(Collected data)
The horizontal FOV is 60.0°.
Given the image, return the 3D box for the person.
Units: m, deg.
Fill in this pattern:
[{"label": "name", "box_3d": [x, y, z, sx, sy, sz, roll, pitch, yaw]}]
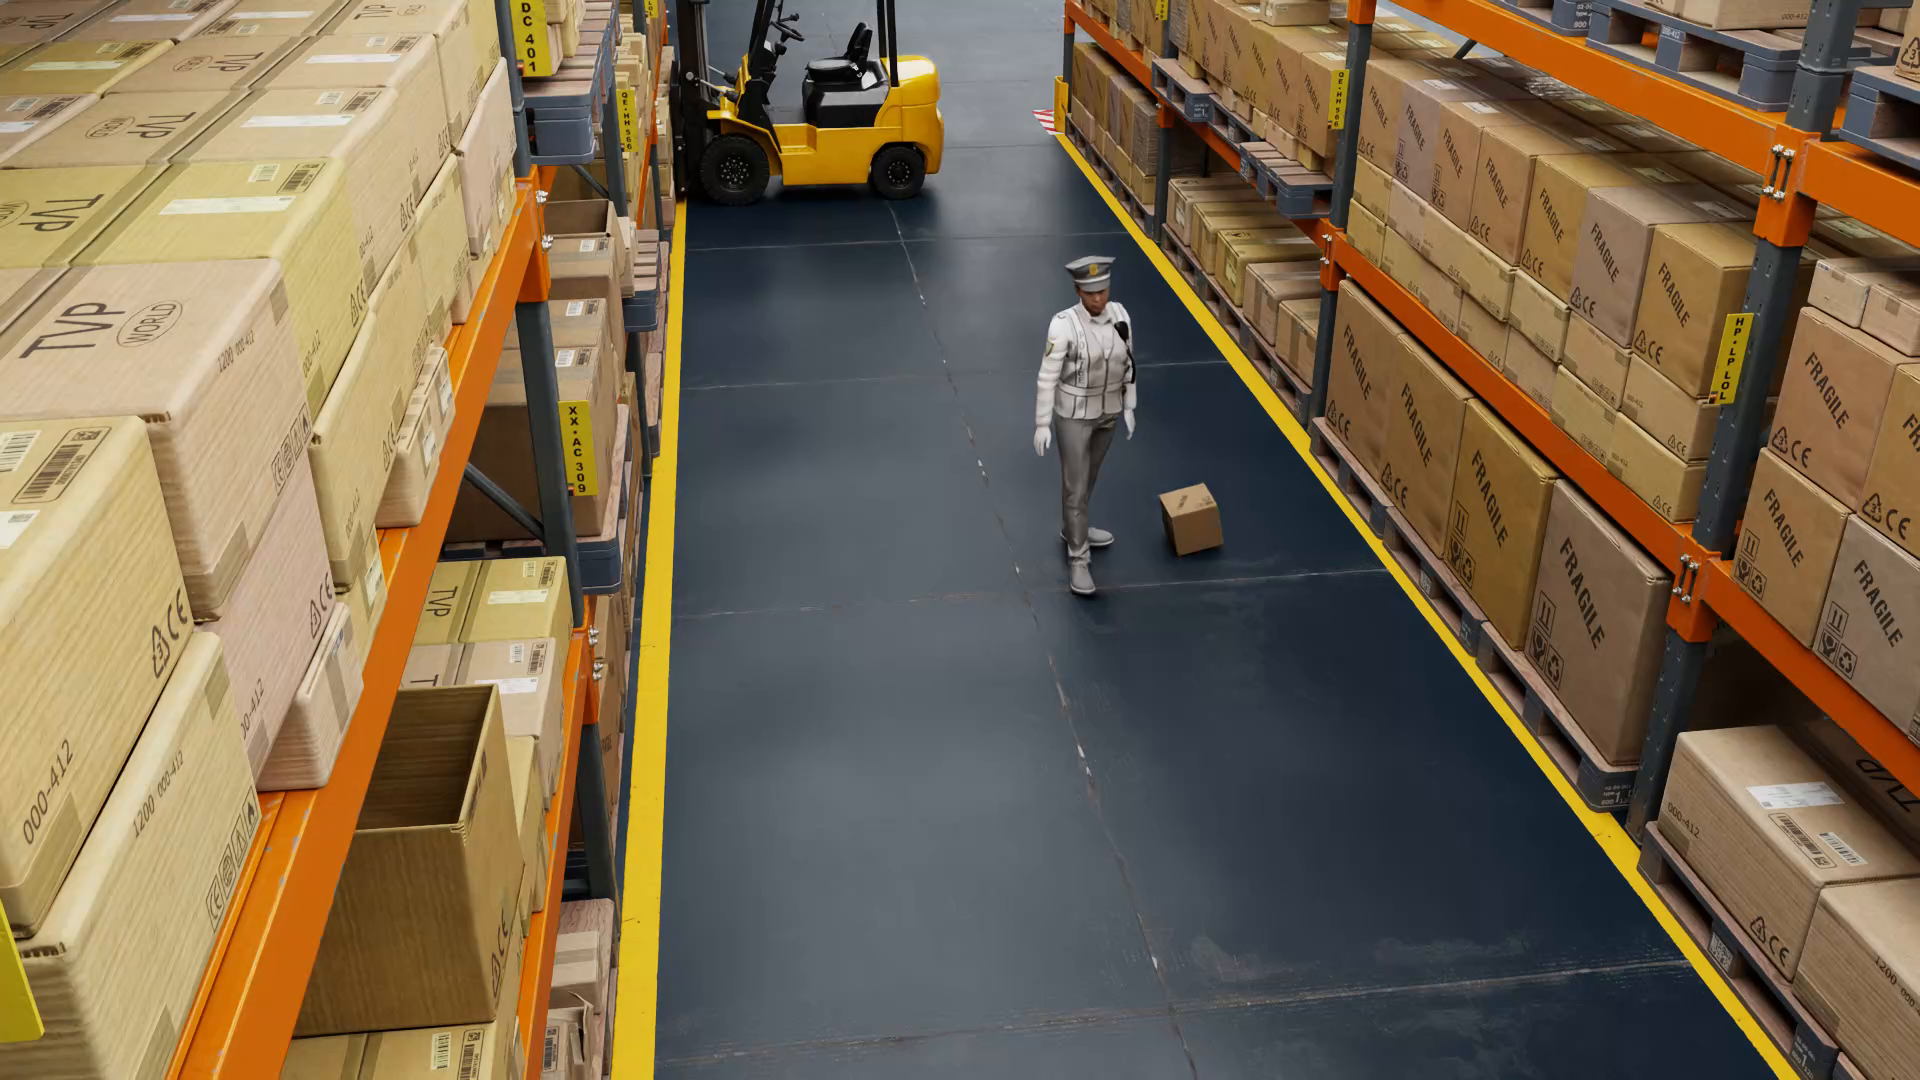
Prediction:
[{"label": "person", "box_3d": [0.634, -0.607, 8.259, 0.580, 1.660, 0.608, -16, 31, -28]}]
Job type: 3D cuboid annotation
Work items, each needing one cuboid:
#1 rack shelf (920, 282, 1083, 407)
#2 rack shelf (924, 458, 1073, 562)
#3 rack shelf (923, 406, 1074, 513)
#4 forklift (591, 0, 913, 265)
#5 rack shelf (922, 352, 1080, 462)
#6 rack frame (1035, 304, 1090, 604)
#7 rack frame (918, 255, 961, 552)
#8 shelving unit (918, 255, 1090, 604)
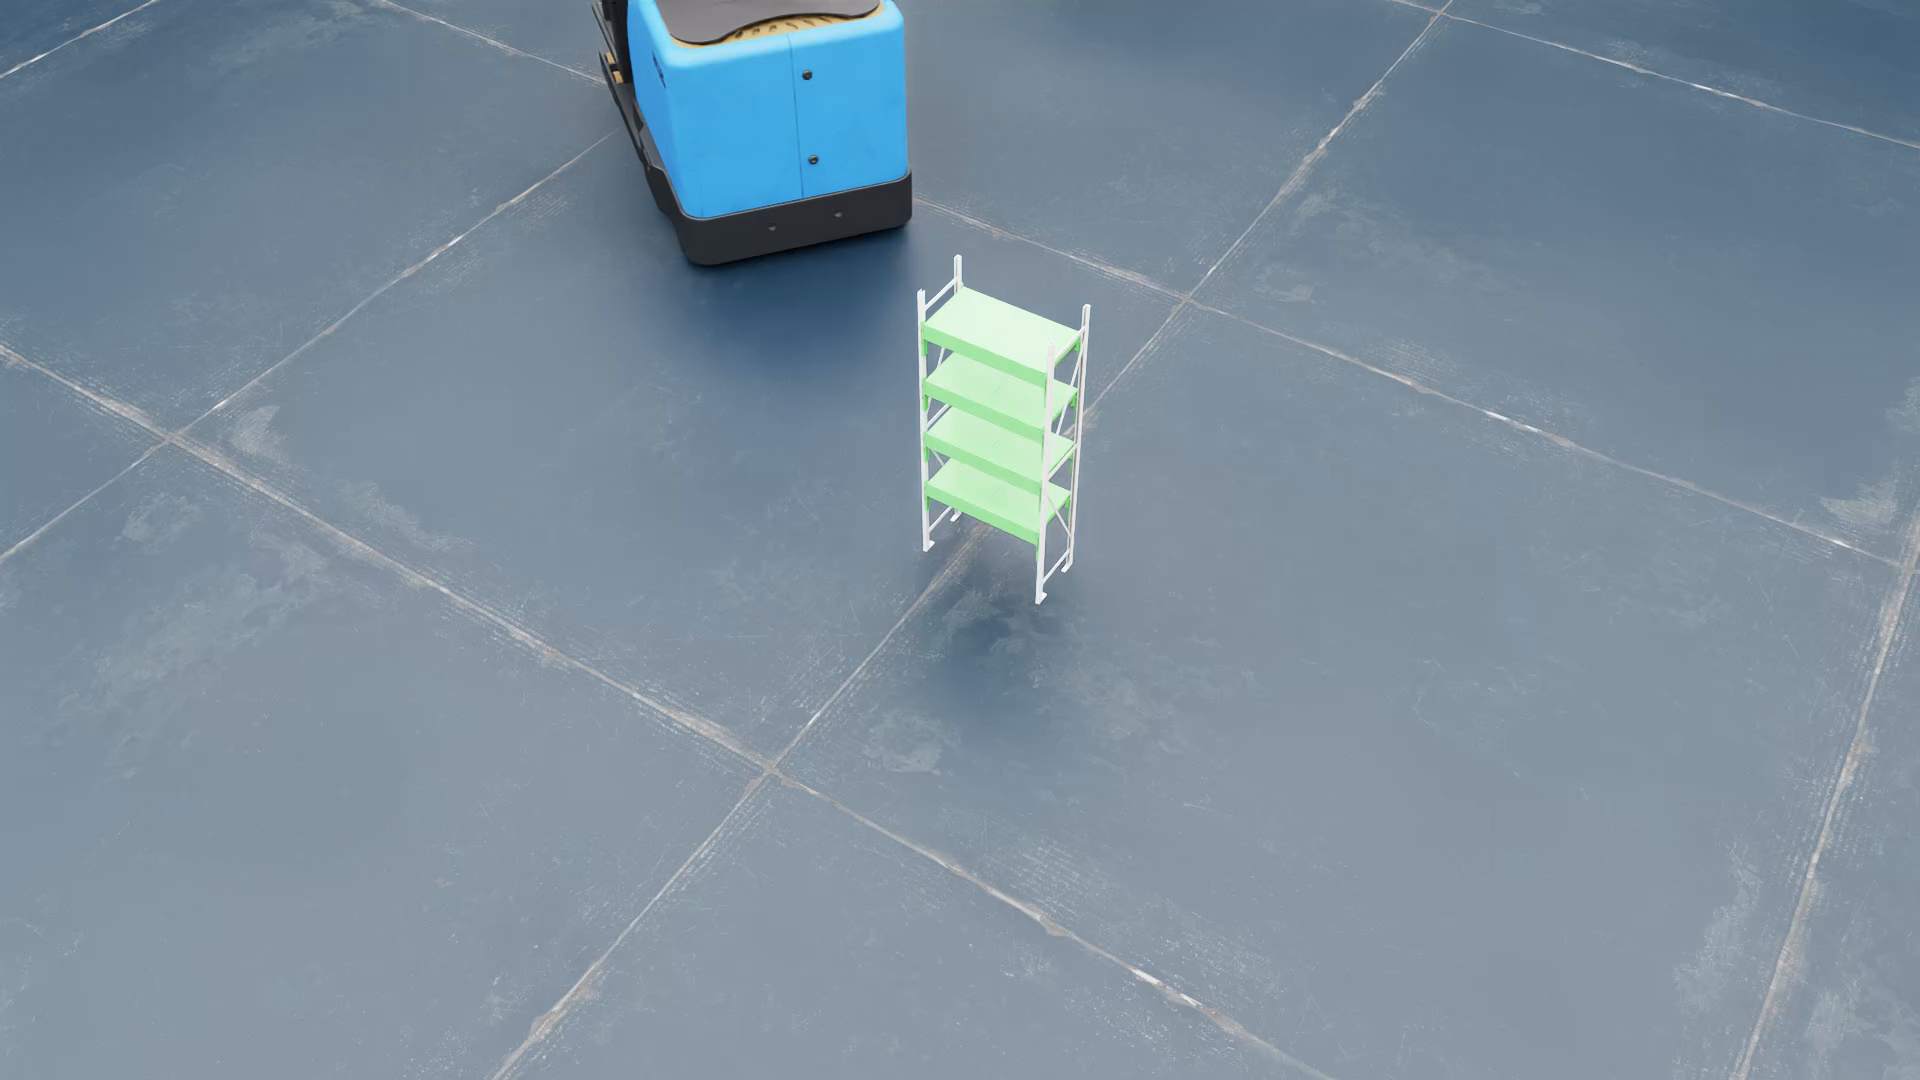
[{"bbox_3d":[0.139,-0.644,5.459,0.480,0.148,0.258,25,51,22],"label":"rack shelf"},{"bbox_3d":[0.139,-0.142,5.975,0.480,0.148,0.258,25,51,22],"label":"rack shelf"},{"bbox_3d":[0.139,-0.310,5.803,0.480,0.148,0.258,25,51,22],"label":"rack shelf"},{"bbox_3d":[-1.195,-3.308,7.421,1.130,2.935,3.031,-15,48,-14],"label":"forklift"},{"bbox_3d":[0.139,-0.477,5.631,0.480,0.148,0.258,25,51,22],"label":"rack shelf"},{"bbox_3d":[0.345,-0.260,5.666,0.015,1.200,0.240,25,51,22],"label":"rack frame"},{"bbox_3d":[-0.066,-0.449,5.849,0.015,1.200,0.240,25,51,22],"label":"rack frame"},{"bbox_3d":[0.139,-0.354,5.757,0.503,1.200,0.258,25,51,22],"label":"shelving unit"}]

→ Exercise objective
Restate all entries above exactly, but not the images.

→ Solution
The horizontal FOV is 60.0°.
Given the image, return the 3D box for the person.
Units: m, deg.
Fill in this pattern:
[{"label": "name", "box_3d": [x, y, z, sx, sy, sz, roll, pitch, yaw]}]
Prediction:
[{"label": "person", "box_3d": [0.634, -0.607, 8.259, 0.580, 1.660, 0.608, -16, 31, -28]}]
Job type: 3D cuboid annotation
Work items, each needing one cuboid:
#1 rack shelf (920, 282, 1083, 407)
#2 rack shelf (924, 458, 1073, 562)
#3 rack shelf (923, 406, 1074, 513)
#4 forklift (591, 0, 913, 265)
#5 rack shelf (922, 352, 1080, 462)
#6 rack frame (1035, 304, 1090, 604)
#7 rack frame (918, 255, 961, 552)
#8 shelving unit (918, 255, 1090, 604)
[{"bbox_3d":[0.139,-0.644,5.459,0.480,0.148,0.258,25,51,22],"label":"rack shelf"},{"bbox_3d":[0.139,-0.142,5.975,0.480,0.148,0.258,25,51,22],"label":"rack shelf"},{"bbox_3d":[0.139,-0.310,5.803,0.480,0.148,0.258,25,51,22],"label":"rack shelf"},{"bbox_3d":[-1.195,-3.308,7.421,1.130,2.935,3.031,-15,48,-14],"label":"forklift"},{"bbox_3d":[0.139,-0.477,5.631,0.480,0.148,0.258,25,51,22],"label":"rack shelf"},{"bbox_3d":[0.345,-0.260,5.666,0.015,1.200,0.240,25,51,22],"label":"rack frame"},{"bbox_3d":[-0.066,-0.449,5.849,0.015,1.200,0.240,25,51,22],"label":"rack frame"},{"bbox_3d":[0.139,-0.354,5.757,0.503,1.200,0.258,25,51,22],"label":"shelving unit"}]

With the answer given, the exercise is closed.